Velberter Stadtrat: Nur fünf Stimmen dafür

Bürgerbegehren abgelehnt

28. Januar 2014, 19:06 Uhr

Mit großer Mehrheit hat der Rat der Stadt Velbert am Dienstagabend gegen das Bürgerbegehren zum Erhalt der Realschule in Tönisheide gestimmt. Er hält damit an dem Beschluss fest, eine Sekundarschule einzurichten.

Heinrich-Kölver-Realschule in Tönisheide

Foto: Mathias Kehren
Velbert -

In einem Bürgerentscheid am 16. März haben nun alle Wahlberechtigten in Velbert die Entscheidung zu treffen, ob die Kölver-Realschule erhalten bleibt, wie es die Vertreter des Bürgerbegehrens wünschen. Die Schule erziele Spitzenergebnisse bei den Abschlüssen, verfüge über ein familiäres Miteinander, erklärte der Sprecher des Begehrens, Mike Trommler. „Die Realschule war und ist das Erfolgsmodell für die mittelstarken Schüler, für die Praktiker von morgen, aber auch für gymnasiale Spätzünder“, warb Trommler um eine Mehrheit für das Begehren.

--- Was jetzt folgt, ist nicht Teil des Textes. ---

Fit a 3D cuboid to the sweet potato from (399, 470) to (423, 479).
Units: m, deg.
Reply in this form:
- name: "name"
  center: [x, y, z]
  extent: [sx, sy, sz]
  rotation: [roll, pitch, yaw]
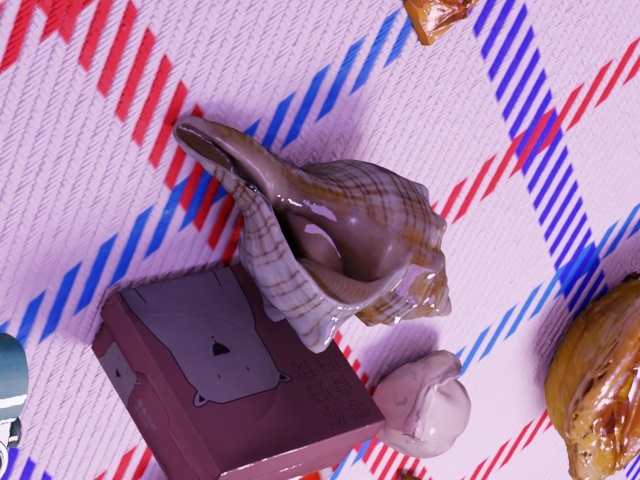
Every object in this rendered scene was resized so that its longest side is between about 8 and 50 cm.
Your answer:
- name: "sweet potato"
  center: [0.131, 0.393, 2.456]
  extent: [0.067, 0.067, 0.274]
  rotation: [-29, 142, -20]

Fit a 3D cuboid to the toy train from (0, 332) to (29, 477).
- name: "toy train"
  center: [-0.361, 0.153, 1.564]
  extent: [0.248, 0.101, 0.159]
  rotation: [-7, 119, -45]

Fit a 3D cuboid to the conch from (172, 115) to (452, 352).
- name: "conch"
  center: [-0.007, 0.008, 1.704]
  extent: [0.386, 0.203, 0.169]
  rotation: [17, 137, -32]

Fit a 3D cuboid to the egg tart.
- name: "egg tart"
  center: [0.427, 0.159, 2.402]
  extent: [0.339, 0.153, 0.351]
  rotation: [-39, 149, -6]

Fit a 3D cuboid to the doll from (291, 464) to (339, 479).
- name: "doll"
  center: [-0.086, 0.287, 2.039]
  extent: [0.336, 0.105, 0.200]
  rotation: [-42, 153, -15]

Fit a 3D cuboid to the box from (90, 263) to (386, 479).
- name: "box"
  center: [-0.081, 0.135, 1.732]
  extent: [0.215, 0.215, 0.086]
  rotation: [-13, 151, -40]

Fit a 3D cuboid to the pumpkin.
- name: "pumpkin"
  center: [0.115, -0.221, 1.674]
  extent: [0.073, 0.035, 0.101]
  rotation: [-39, 152, 0]

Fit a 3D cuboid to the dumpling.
- name: "dumpling"
  center: [0.125, 0.193, 2.148]
  extent: [0.136, 0.118, 0.199]
  rotation: [-56, 178, -4]
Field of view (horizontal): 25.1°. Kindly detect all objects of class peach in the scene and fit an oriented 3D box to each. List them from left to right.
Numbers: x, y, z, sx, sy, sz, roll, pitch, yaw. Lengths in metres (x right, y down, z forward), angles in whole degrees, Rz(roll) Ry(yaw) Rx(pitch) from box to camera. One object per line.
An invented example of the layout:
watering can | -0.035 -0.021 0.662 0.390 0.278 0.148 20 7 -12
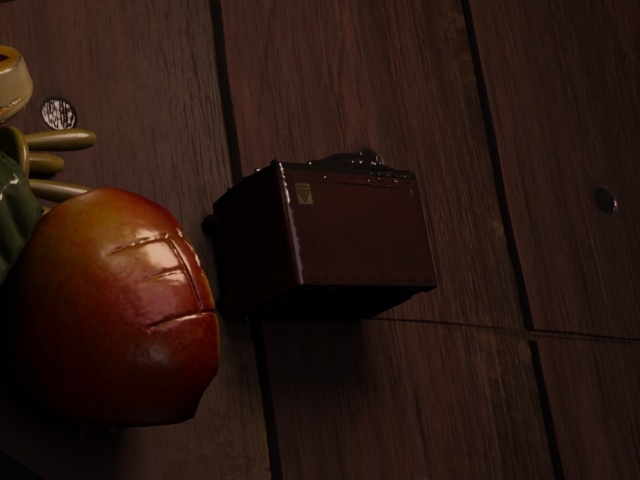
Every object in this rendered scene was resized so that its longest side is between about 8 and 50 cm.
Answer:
peach | -0.237 0.094 1.617 0.245 0.249 0.275 -31 64 -8

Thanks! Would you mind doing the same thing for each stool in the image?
stool | -0.335 -0.075 1.715 0.110 0.134 0.135 5 21 -38

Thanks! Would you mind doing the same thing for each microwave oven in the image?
microwave oven | 0.001 0.001 1.888 0.247 0.178 0.188 1 68 -37

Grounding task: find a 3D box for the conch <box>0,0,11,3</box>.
conch | -0.458 -0.399 1.755 0.148 0.183 0.275 -20 69 1

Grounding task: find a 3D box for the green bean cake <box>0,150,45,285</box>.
green bean cake | -0.436 -0.013 1.536 0.125 0.222 0.227 79 32 -45

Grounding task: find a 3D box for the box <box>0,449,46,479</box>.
box | -0.366 0.301 1.543 0.230 0.050 0.160 38 49 -18

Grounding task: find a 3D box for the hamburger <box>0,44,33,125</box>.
hamburger | -0.410 -0.177 1.703 0.141 0.126 0.082 -51 143 -56

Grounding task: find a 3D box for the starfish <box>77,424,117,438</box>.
starfish | -0.264 0.194 1.690 0.078 0.028 0.091 37 47 -11
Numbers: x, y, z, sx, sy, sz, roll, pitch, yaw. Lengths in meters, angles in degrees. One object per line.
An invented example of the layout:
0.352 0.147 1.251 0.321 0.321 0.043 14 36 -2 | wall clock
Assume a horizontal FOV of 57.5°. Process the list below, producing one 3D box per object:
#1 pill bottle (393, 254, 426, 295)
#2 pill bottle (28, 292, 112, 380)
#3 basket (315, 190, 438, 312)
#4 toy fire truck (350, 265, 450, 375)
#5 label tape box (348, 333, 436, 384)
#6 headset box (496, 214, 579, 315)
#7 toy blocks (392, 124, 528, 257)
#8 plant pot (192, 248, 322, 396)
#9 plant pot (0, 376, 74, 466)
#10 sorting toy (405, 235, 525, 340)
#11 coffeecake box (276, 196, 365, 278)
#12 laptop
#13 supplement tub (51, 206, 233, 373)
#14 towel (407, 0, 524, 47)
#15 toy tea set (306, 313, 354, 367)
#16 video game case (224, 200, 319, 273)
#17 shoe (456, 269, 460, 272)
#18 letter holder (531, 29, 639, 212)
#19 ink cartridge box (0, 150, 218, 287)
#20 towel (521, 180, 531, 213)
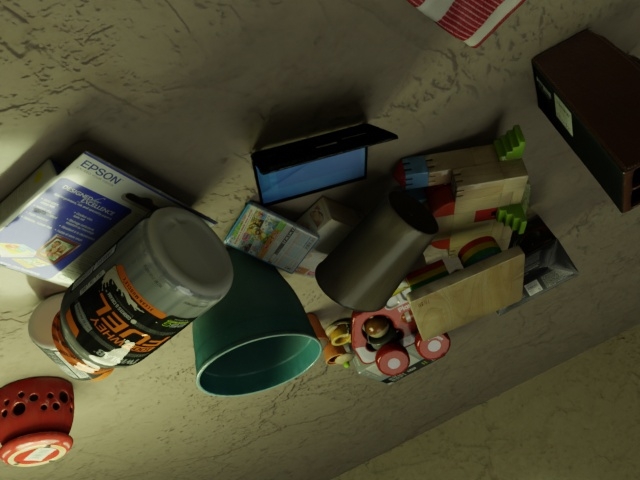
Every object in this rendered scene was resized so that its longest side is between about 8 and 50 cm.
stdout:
0.164 0.081 1.448 0.117 0.117 0.215 -6 163 -22 | pill bottle
-0.530 0.226 1.285 0.130 0.130 0.246 -15 148 -9 | pill bottle
0.129 0.021 1.220 0.204 0.154 0.227 5 133 -43 | basket
0.221 0.228 1.689 0.302 0.169 0.254 -25 114 8 | toy fire truck
0.304 0.341 1.937 0.347 0.115 0.249 -31 146 17 | label tape box
0.521 0.053 1.533 0.218 0.110 0.293 -32 -173 18 | headset box
0.298 -0.073 1.305 0.260 0.191 0.381 -9 147 3 | toy blocks
-0.164 0.168 1.290 0.271 0.255 0.272 -15 147 -10 | plant pot
-0.729 0.466 1.485 0.191 0.174 0.191 -13 145 -10 | plant pot
0.319 0.101 1.317 0.255 0.089 0.257 -24 148 4 | sorting toy
0.000 0.000 1.310 0.142 0.068 0.185 18 131 -45 | coffeecake box
0.002 -0.121 1.071 0.234 0.264 0.137 -17 110 -8 | laptop
-0.324 0.099 1.039 0.316 0.194 0.193 -38 144 24 | supplement tub
0.223 -0.429 0.844 0.329 0.037 0.237 15 134 -43 | towel
0.002 0.327 1.734 0.336 0.124 0.200 17 131 -44 | toy tea set
-0.103 -0.004 1.225 0.166 0.015 0.119 26 125 -18 | video game case
0.461 0.136 1.777 0.178 0.063 0.081 8 139 -29 | shoe
0.562 -0.244 1.057 0.214 0.302 0.152 -29 146 11 | letter holder
-0.401 -0.025 1.055 0.307 0.072 0.303 -35 144 17 | ink cartridge box
0.485 -0.091 1.489 0.110 0.027 0.148 -23 147 1 | towel
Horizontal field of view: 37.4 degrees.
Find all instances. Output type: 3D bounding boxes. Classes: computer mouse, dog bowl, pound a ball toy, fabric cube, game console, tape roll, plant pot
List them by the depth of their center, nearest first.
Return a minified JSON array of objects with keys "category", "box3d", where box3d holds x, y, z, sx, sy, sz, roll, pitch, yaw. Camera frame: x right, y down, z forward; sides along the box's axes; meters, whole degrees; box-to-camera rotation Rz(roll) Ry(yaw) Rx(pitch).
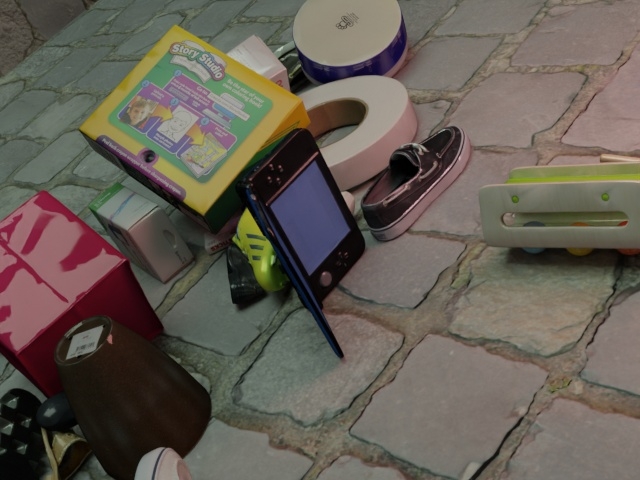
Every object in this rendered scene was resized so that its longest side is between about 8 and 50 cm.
[{"category":"pound a ball toy","box3d":[0.443,-0.053,1.490,0.319,0.135,0.208,1,18,37]},{"category":"plant pot","box3d":[-0.327,0.239,1.553,0.215,0.230,0.215,-19,35,14]},{"category":"game console","box3d":[0.000,0.000,1.571,0.173,0.293,0.250,14,52,44]},{"category":"computer mouse","box3d":[-0.402,0.261,1.675,0.071,0.041,0.242,19,31,27]},{"category":"fabric cube","box3d":[-0.491,0.114,1.750,0.258,0.254,0.259,34,65,29]},{"category":"tape roll","box3d":[0.015,-0.224,2.040,0.392,0.072,0.392,-19,33,13]},{"category":"dog bowl","box3d":[0.070,-0.481,2.236,0.265,0.104,0.265,-6,60,10]}]

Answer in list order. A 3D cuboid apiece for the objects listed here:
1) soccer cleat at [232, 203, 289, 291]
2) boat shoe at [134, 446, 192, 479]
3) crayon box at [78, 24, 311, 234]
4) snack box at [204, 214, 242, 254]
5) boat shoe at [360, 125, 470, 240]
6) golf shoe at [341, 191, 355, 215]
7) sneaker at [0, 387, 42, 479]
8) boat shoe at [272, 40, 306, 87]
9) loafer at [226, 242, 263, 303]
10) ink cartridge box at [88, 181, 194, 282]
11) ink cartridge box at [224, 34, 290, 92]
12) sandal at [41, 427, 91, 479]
[{"category":"soccer cleat","box3d":[-0.112,0.009,1.816,0.121,0.093,0.289,-17,35,11]},{"category":"boat shoe","box3d":[-0.156,0.412,1.284,0.156,0.136,0.367,-26,36,5]},{"category":"crayon box","box3d":[-0.259,-0.236,1.956,0.363,0.106,0.313,34,75,22]},{"category":"snack box","box3d":[-0.159,-0.030,1.973,0.178,0.022,0.064,-25,31,6]},{"category":"boat shoe","box3d":[0.177,-0.135,1.789,0.108,0.102,0.301,15,53,47]},{"category":"golf shoe","box3d":[0.021,-0.023,1.769,0.186,0.067,0.086,-58,10,-30]},{"category":"sneaker","box3d":[-0.562,0.419,1.615,0.146,0.122,0.330,-37,31,22]},{"category":"boat shoe","box3d":[0.020,-0.486,2.384,0.305,0.091,0.109,-29,-9,-7]},{"category":"loafer","box3d":[-0.148,0.061,1.823,0.061,0.062,0.170,-7,37,-7]},{"category":"ink cartridge box","box3d":[-0.380,-0.019,2.003,0.093,0.154,0.212,-43,36,-19]},{"category":"ink cartridge box","box3d":[-0.222,-0.294,2.170,0.306,0.226,0.131,-36,70,-11]},{"category":"sandal","box3d":[-0.425,0.371,1.608,0.079,0.088,0.240,-12,37,-10]}]

Manfred Bolz machte aber für die CDU deutlich, dass es eigentlich keine Alternative zur Sekundarschule gebe: „Die Schulentwicklungszahlen zeigen auf, dass wir in einigen Jahren nicht mehr genügend Schüler für die Realschule haben.“ Seine Fraktion aber lege Wert darauf, dass es auch in Zukunft eine weiterführende Schule in Neviges geben könne, und das solle eben die neue Sekundarschule sein. Die könne ja durchaus auch Heinrich-Kölver-Sekundarschule heißen.

Bolz zeigte Verständnis für das Engagement der Initiatve: „Ich würde vielleicht auch kämpfen, wenn es um den Erhalt meiner alten Schule gehen würde“, sagte der Vorsitzende der stärksten Fraktion. „Uns aber geht es um die Schullandschaft in Neviges“, warb Bolz um Zustimmung für die Sekundarschule, weil das die Zukunft für die Kinder in Neviges sei. „Die Realschule ist endlich. Wir machen es für Neviges, dass es da weitergeht.“

Der öffentlich geäußerten Kritik an Anmeldeverfahren hielt Bolz entgegen: „Die Realschule ist aufgelöst“, wie es der Stadtrat beschlossen habe, „deshalb kann es auch kein Anmeldeverfahren geben.“

Zustimmung zu diesem Plädoyer für die Sekundarschule erhielt Bolz unter anderem von SPD, Grünen und FDP. Gerno Böll-Schlereth (SPD) betonte: „Gerade jetzt sind wir nicht ideologisch.“ Die Politik folge nur den Vorschlägen, die die Akteure vor Ort ausgearbeitet hätten. Die Sachgründe seien offensichtlich: Nur so könne eine weiterführende Schule in Neviges erhalten werden.

UVB-Sprecherin Brigitte Hagling hatte dafür geworben, dem Bürgerbegehren zuzustimmen. Die Umfrage habe eine Mehrheit gegen eine Sekundarschule ergeben. Böll-Schlereth nannte das Zahlenspiele. Nach dieser Methode könne man auch errechnen, dass sich bei der letzten Kommunalwahl 97,5 Prozent der Velberter gegen die UVB ausgesprochen hätten. Er rief dazu auf, von Verschwörungstheorien gegen die Realschule endlich Abstand zu nehmen.

Für die Linke machte Michael Alfermann deutlich: „Uns wäre eine zweite Gesamtschule lieber gewesen.“

Mit rund 50 Stimmen (es wurde nicht ausgezählt), bei fünf Stimmen für das Begehren (3 UVB, 1 SLB, 1 Velbert anders) hat der Stadtrat das Bürgerbegehren abgelehnt. Beim Bürgerentscheid am 16. März müssen nun rund 10.000 Wähler für den Erhalt der Realschule stimmen, soll die HKS doch noch neue Schüler aufnehmen.